Out of the material that follows, write out exactly the lines from the line with "Detection task: a" to the line with "10. trailer from (992, 545) to (1181, 630)", both ends included, and no others.

*** Opening of DATASET EXTRACT ***

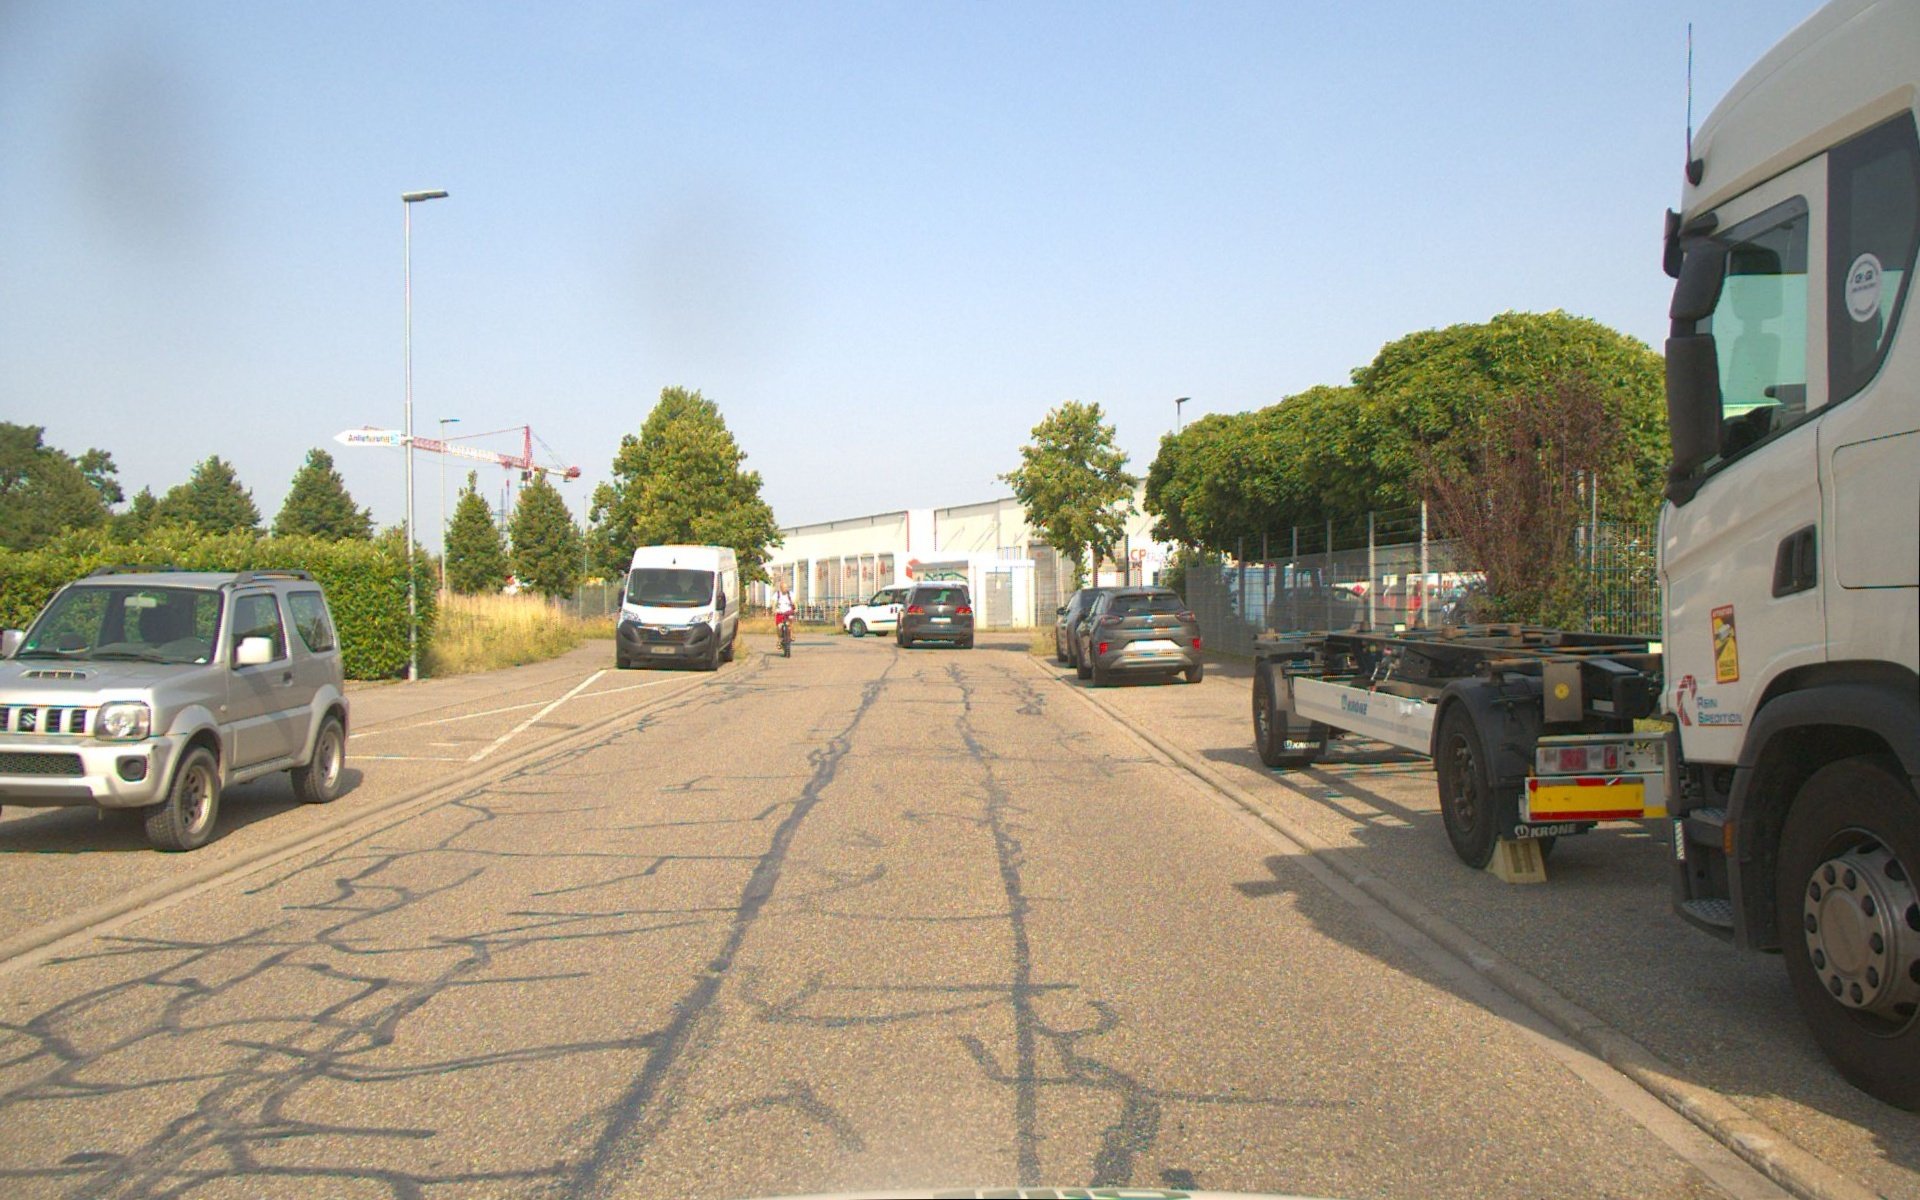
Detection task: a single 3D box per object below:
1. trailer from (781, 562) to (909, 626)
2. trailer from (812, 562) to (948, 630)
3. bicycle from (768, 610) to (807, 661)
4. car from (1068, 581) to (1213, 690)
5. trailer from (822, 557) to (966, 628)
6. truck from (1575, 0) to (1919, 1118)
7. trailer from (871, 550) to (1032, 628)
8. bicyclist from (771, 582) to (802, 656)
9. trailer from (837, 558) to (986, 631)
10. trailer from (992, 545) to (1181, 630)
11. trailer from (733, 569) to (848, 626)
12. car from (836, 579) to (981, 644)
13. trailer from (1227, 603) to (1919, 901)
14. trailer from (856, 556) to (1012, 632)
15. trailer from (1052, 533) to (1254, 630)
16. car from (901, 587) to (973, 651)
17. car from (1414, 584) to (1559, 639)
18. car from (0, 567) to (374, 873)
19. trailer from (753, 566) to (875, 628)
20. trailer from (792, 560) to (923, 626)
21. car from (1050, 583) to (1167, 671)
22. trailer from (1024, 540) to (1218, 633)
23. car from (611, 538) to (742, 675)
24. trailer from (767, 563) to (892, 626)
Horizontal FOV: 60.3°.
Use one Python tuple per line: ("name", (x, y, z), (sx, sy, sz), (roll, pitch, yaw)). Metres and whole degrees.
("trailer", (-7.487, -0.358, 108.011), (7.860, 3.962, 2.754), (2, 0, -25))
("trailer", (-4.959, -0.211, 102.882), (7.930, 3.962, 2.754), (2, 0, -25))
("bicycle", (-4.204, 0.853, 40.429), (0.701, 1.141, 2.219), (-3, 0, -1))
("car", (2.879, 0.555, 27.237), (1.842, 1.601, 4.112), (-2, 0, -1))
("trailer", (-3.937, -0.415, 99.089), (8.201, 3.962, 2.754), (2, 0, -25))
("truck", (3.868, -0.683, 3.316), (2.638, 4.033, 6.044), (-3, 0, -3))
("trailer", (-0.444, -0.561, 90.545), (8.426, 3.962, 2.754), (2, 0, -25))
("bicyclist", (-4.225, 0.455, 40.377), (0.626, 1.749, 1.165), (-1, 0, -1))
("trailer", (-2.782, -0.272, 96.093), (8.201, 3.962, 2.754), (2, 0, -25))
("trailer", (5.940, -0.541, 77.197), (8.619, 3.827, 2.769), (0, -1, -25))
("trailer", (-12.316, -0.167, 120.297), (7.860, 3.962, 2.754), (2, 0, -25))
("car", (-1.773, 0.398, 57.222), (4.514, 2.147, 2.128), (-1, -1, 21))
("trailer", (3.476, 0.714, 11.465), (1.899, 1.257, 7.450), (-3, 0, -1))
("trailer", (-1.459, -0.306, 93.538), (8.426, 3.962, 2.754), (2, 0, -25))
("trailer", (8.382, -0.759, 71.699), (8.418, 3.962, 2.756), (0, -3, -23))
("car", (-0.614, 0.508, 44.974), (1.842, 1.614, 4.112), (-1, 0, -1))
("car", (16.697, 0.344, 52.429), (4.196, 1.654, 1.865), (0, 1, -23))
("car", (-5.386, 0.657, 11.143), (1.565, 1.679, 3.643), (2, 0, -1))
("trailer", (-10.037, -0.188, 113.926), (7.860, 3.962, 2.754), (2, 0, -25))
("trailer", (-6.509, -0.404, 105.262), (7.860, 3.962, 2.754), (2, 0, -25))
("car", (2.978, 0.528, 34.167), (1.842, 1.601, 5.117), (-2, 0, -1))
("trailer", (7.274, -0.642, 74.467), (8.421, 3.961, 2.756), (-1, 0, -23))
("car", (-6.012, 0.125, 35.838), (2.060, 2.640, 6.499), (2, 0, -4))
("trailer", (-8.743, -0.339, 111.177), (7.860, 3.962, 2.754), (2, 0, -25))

*** Close of DATASET EXTRACT ***
*** Opening of DATASET EXTRACT ***

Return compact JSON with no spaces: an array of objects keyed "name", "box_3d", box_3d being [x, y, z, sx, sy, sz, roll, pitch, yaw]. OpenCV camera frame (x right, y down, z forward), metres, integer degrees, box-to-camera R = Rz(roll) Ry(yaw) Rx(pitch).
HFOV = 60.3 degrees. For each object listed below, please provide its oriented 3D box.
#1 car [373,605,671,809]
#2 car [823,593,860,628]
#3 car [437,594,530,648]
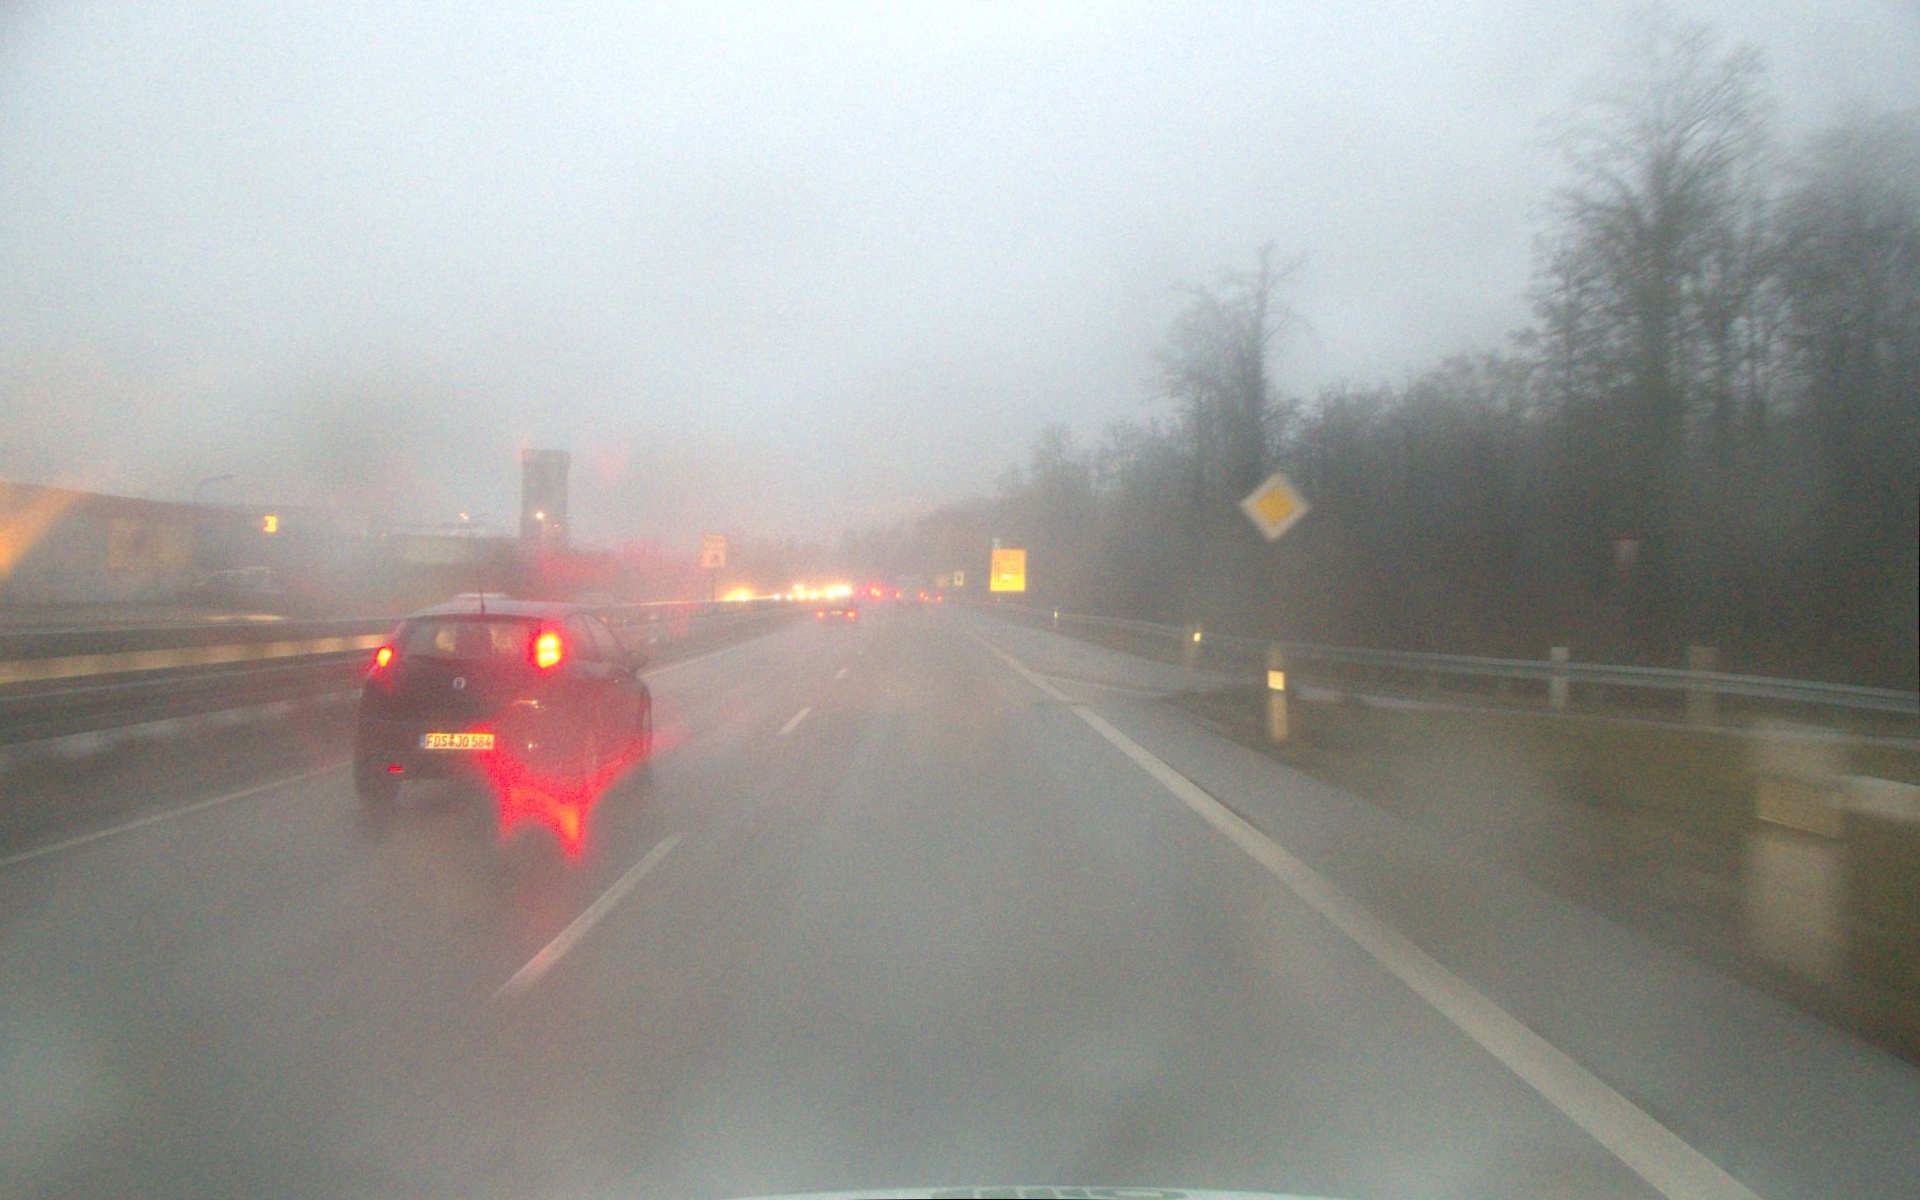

*** Close of DATASET EXTRACT ***
*** Opening of DATASET EXTRACT ***

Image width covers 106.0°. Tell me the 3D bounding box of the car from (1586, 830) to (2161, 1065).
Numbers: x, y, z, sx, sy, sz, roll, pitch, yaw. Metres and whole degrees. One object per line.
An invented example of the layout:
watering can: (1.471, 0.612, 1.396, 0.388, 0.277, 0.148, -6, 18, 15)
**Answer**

*** Close of DATASET EXTRACT ***

* _THE ANSWER_:
Detection task: a single 3D box per object below:
1. trailer from (781, 562) to (909, 626)
2. trailer from (812, 562) to (948, 630)
3. bicycle from (768, 610) to (807, 661)
4. car from (1068, 581) to (1213, 690)
5. trailer from (822, 557) to (966, 628)
6. truck from (1575, 0) to (1919, 1118)
7. trailer from (871, 550) to (1032, 628)
8. bicyclist from (771, 582) to (802, 656)
9. trailer from (837, 558) to (986, 631)
10. trailer from (992, 545) to (1181, 630)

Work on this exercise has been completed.